__TASK PROMPT__
Only the stretch below from the line holding "<?php the_excerpt(); ?>" through the line holding "What's the number" should be restated, word for word and with both ends included; pictures stay out.

(Stored dataset items)
++++++

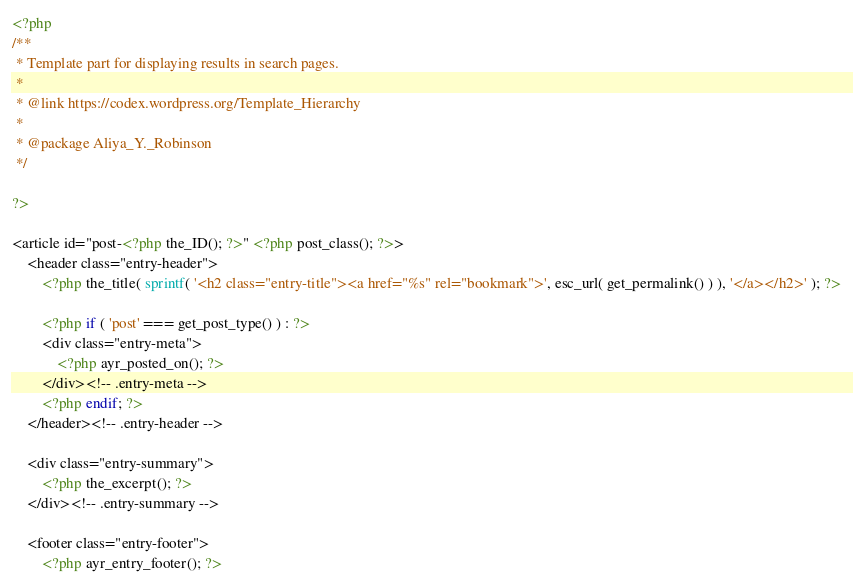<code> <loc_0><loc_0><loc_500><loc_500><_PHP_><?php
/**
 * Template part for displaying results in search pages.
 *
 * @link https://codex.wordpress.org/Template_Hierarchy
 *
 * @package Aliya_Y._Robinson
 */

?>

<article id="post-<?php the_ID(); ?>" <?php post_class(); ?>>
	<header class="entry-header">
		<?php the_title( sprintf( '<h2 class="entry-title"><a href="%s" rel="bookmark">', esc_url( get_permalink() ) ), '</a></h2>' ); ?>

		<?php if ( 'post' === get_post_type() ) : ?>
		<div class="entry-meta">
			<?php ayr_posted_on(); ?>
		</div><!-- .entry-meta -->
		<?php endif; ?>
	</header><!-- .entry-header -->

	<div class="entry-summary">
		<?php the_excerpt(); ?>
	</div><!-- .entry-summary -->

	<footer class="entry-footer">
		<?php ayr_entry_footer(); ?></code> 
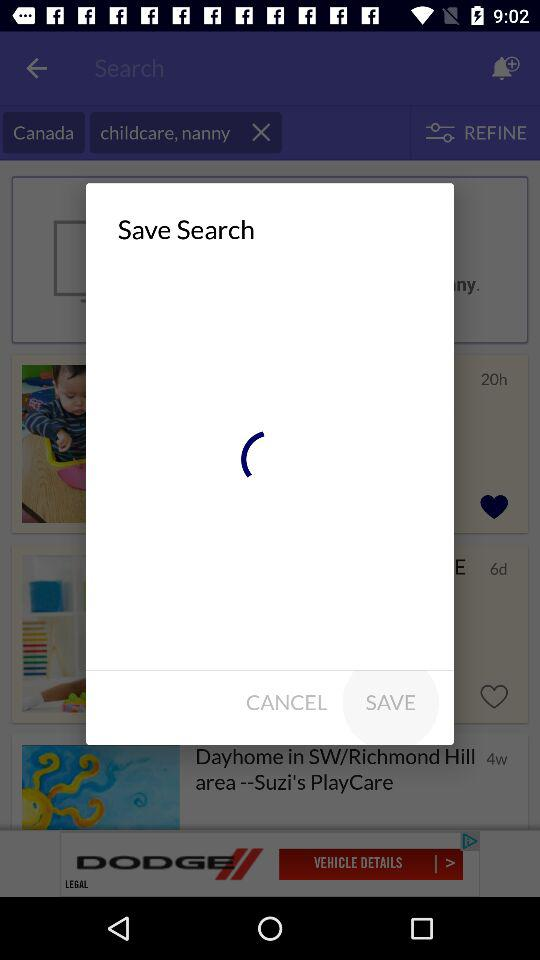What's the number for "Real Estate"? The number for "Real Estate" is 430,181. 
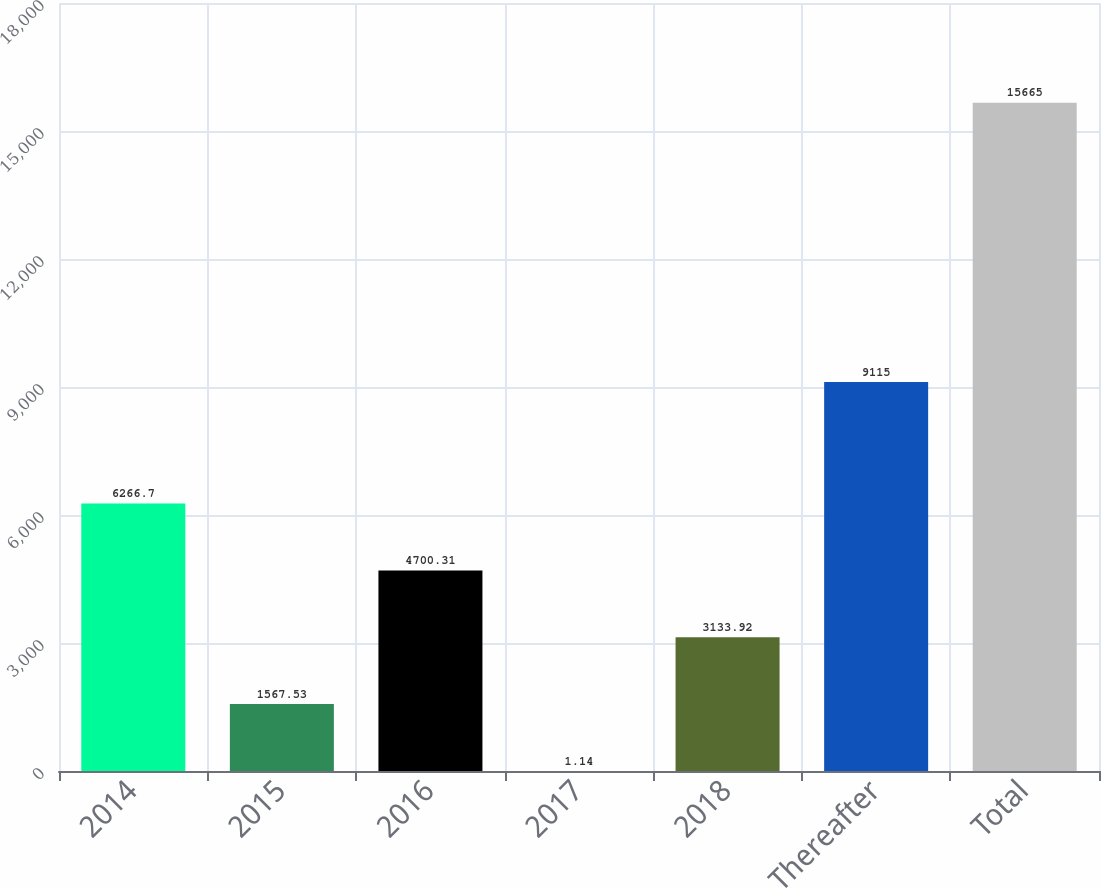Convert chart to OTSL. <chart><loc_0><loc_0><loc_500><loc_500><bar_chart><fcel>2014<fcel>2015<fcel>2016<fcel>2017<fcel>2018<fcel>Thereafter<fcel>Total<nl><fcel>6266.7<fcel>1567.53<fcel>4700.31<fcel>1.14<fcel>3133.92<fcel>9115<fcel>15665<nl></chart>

++++++

__THE COMPLETED TASK__
		<?php the_excerpt(); ?>
	</div><!-- .entry-summary -->

	<footer class="entry-footer">
		<?php ayr_entry_footer(); ?></code> 
What's the number for "Real Estate"? The number for "Real Estate" is 430,181. 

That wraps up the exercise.